[WORK ITEM]: Your output is the line containing "576, 1122, 600]" plus every line after it in the listing, reproduced exactly.

————————

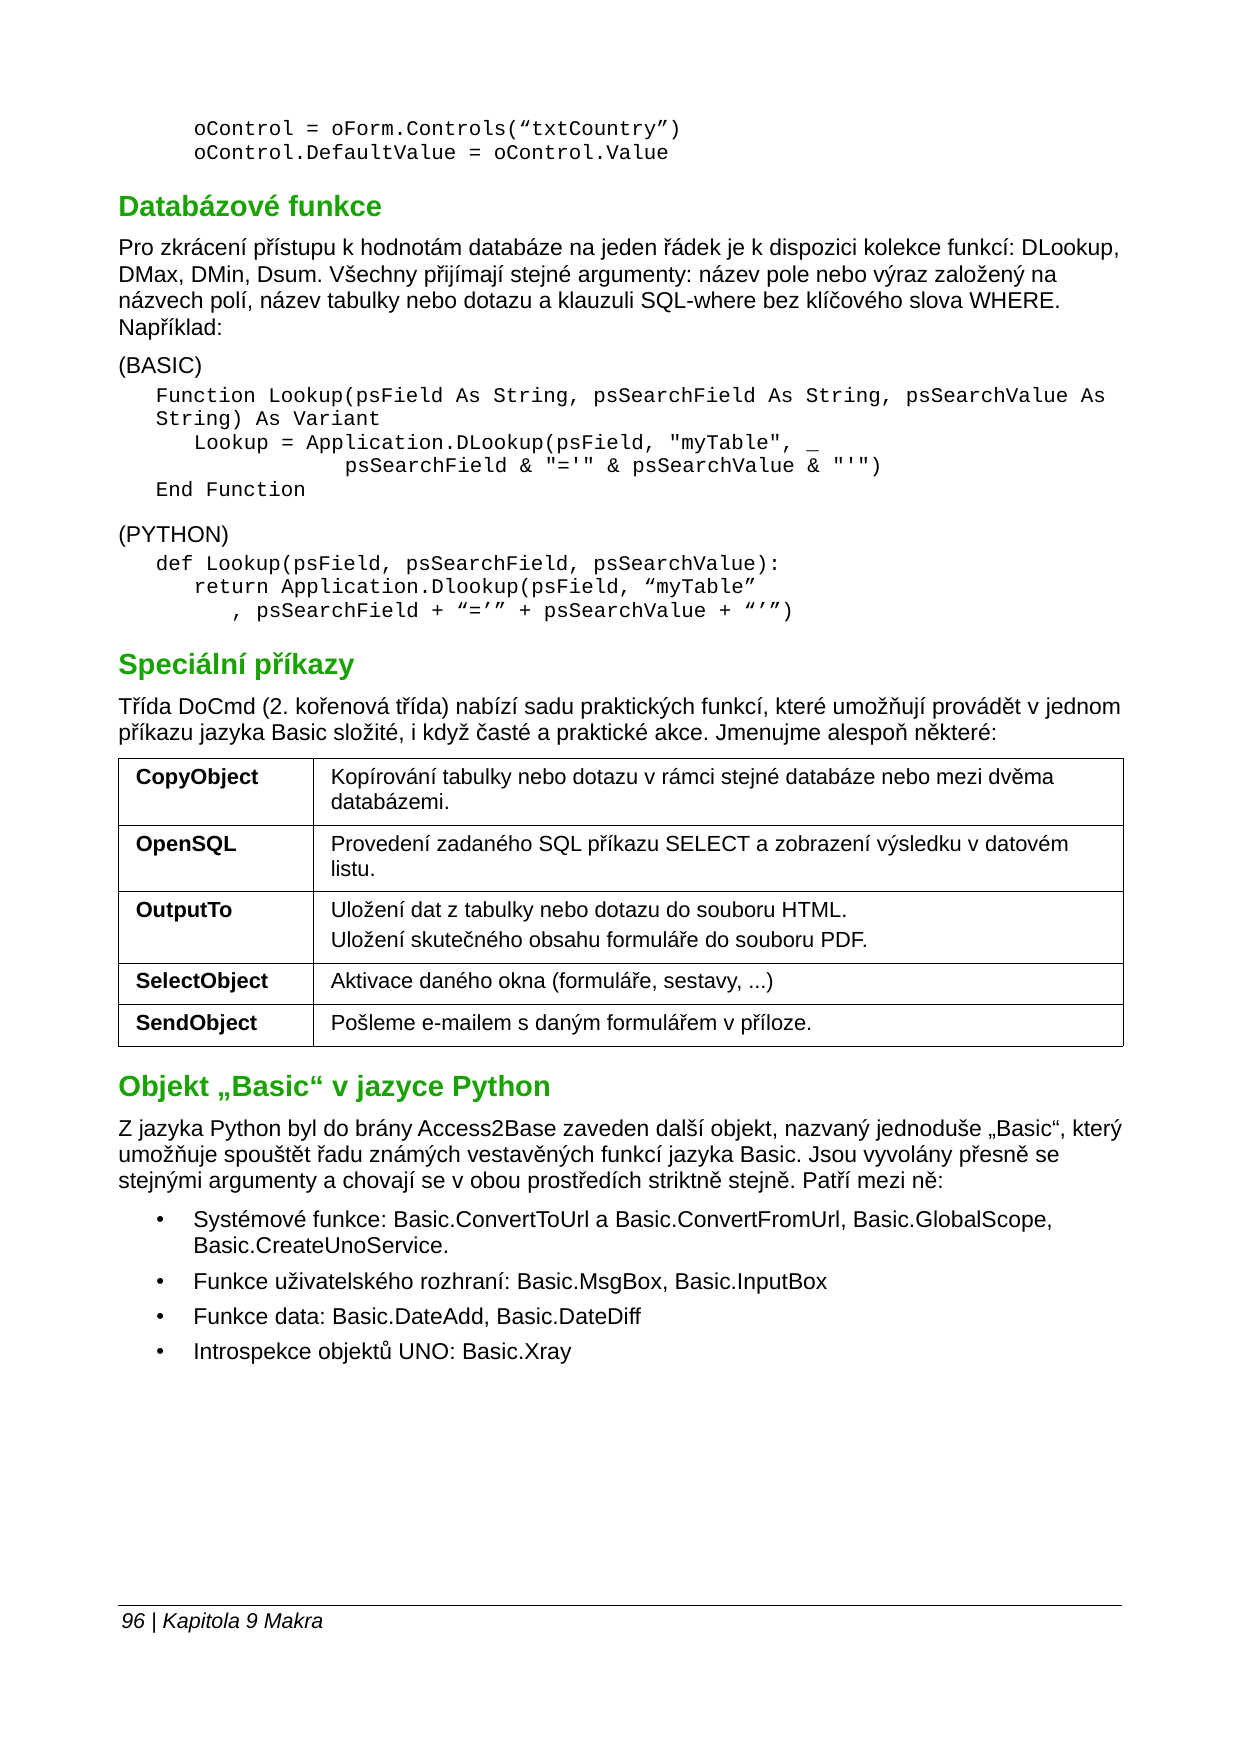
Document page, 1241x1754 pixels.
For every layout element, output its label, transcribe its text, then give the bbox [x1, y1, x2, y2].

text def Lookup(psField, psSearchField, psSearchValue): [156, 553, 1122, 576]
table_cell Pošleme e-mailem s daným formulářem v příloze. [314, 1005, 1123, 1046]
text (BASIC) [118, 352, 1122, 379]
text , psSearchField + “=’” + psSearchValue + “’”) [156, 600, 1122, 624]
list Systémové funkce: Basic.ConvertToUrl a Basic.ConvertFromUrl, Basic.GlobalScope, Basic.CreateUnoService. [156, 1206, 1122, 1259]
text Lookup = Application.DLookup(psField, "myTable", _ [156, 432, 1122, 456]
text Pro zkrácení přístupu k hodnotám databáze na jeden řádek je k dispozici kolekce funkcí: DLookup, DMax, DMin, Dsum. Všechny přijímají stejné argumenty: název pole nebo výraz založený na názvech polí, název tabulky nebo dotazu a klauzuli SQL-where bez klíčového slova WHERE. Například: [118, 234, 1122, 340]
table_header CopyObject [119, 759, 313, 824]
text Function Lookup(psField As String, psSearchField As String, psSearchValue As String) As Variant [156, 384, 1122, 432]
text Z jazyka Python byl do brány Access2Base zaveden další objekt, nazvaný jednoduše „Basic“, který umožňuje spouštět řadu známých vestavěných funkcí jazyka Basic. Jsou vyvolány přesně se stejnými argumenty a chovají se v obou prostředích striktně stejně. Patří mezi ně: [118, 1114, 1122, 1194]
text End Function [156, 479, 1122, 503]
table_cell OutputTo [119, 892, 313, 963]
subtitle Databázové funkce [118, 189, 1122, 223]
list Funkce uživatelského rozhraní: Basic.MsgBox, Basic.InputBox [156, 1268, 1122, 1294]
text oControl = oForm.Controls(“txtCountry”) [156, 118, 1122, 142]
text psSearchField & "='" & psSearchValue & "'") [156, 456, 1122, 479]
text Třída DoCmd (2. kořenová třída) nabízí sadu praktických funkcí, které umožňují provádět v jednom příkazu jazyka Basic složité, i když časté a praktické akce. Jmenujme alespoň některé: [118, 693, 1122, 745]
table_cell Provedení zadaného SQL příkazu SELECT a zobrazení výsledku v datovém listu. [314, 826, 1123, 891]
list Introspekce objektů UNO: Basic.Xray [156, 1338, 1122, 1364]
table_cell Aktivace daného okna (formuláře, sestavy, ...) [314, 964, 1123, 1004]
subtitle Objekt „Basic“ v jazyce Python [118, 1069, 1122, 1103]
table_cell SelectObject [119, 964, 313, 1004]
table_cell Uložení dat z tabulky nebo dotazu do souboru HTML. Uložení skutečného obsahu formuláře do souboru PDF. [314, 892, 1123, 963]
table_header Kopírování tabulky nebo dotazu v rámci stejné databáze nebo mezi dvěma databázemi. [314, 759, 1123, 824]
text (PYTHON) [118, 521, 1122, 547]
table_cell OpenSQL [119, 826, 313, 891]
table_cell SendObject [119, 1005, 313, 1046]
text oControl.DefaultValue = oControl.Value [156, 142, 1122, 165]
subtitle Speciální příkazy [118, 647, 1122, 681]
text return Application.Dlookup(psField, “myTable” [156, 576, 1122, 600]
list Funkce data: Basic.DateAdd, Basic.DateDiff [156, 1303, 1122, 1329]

————————

[SOLUTION FOR THIS EXERCISE]:
text return Application.Dlookup(psField, “myTable” [156, 576, 1122, 600]
list Funkce data: Basic.DateAdd, Basic.DateDiff [156, 1303, 1122, 1329]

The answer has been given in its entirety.